Allow user to specify length of prompt #13

AlexWertheim · 2023-05-08T22:39:49Z

Updated description:

I've added an argument called prompt-len which the user can specify via the command line. The prompt is now set to be the sentence composed of prompt-len many copies of token 8 ("the").

I've also made the following modifications:

max_gen_len is now an exposed parameter with default 256
max_seq_len is still an exposed parameter, now with default 2048 (previously was 512)
total_len is now calculated via the same formula as in the original LLaMA repo, i.e.
total_len = min(params.max_seq_len, max_gen_len + max_prompt_size), where max_prompt_size is the size of the largest prompt in prompts.
The program now prints exactly how many tokens are generated, which is total_len-1. Unless you set max_seq_len to be less than max_gen_len+prompt_len+1, this should just be max_gen_len+prompt_len many tokens generated, since there is a beginning-of-sentence token added to the prompt in the decoding->encoding process.

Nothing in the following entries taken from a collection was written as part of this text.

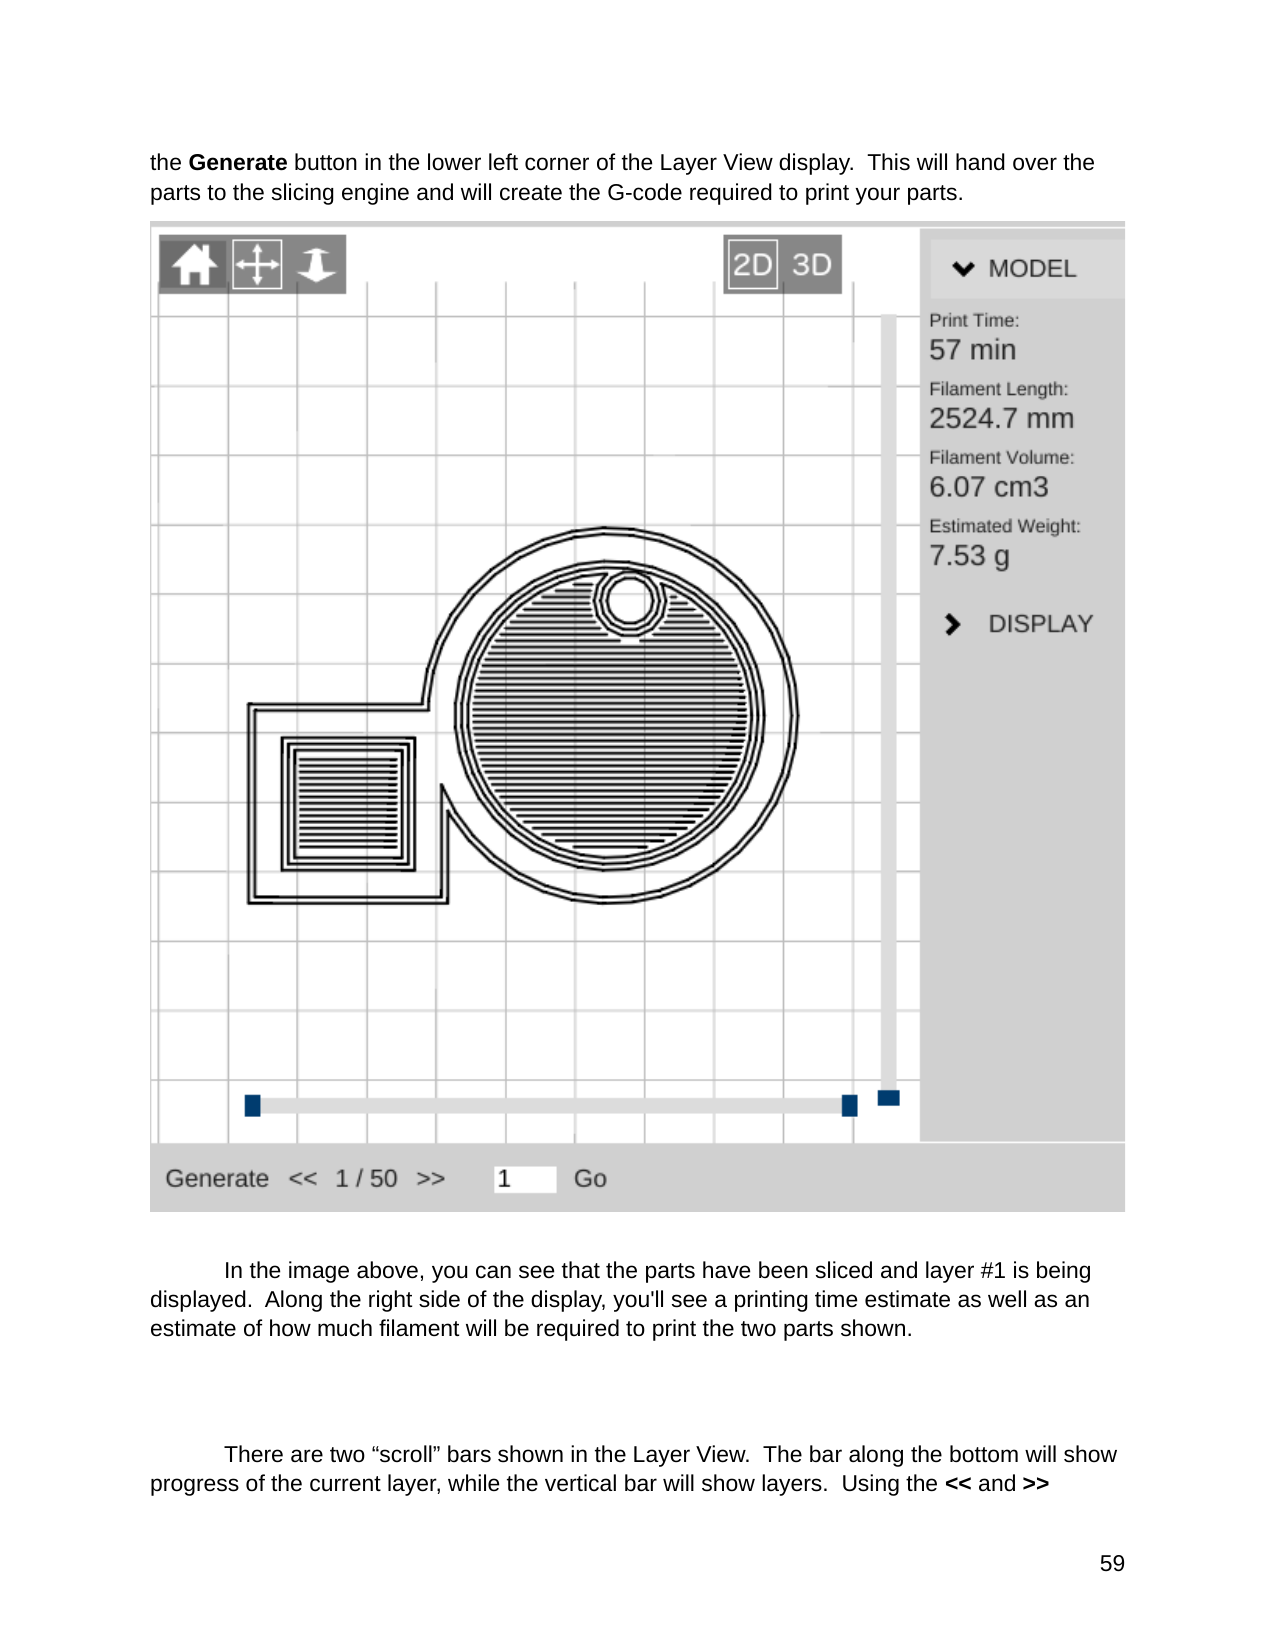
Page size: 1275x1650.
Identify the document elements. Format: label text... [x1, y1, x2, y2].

picture [150, 221, 1125, 1212]
text the Generate button in the lower left corner of the Layer View display. This will hand over the parts to the slicing engine and will create the G-code required to print your parts. [150, 150, 1125, 205]
text In the image above, you can see that the parts have been sliced and layer #1 is being displayed. Along the right side of the display, you'll see a printing time estimate as well as an estimate of how much filament will be required to print the two parts shown. [150, 1257, 1125, 1342]
text There are two “scroll” bars shown in the Layer View. The bar along the bottom will show progress of the current layer, while the vertical bar will show layers. Using the << and >> [150, 1442, 1125, 1497]

cc @JackCaoG @miladm @Liyang90

Update:
Optimization for long prompts is also included.

JackCaoG · 2023-05-08T22:58:39Z

example_xla.py

@@ -96,9 +97,11 @@ def main(
        ckpt_dir, tokenizer_path, rank, world_size, max_seq_len, max_batch_size, dim, n_layers, n_heads
    )

-    prompts = [
+    prompts = [generator.tokenizer.decode(list(range(prompt_len)))]
+    print(prompts)


is this for debug only?

Yeah, I'll remove the print statement once all other comments are settled.

alanwaketan · 2023-05-09T17:41:36Z

example_xla.py

@@ -159,11 +163,12 @@ def mp_main(
    dim: int = 4096,
    n_layers: int = 32,
    n_heads: int = 32,
+    prompt_len: int = 6,


Do we know why the default is 6? Also, I believe that prompt_len has something to do with max_batch_size: https://github.com/pytorch-tpu/llama/blob/stable/llama/generation.py#L57.

So I'm not sure how this could work with bs=1... On the other hand, I'm not sure if this is even the right solution.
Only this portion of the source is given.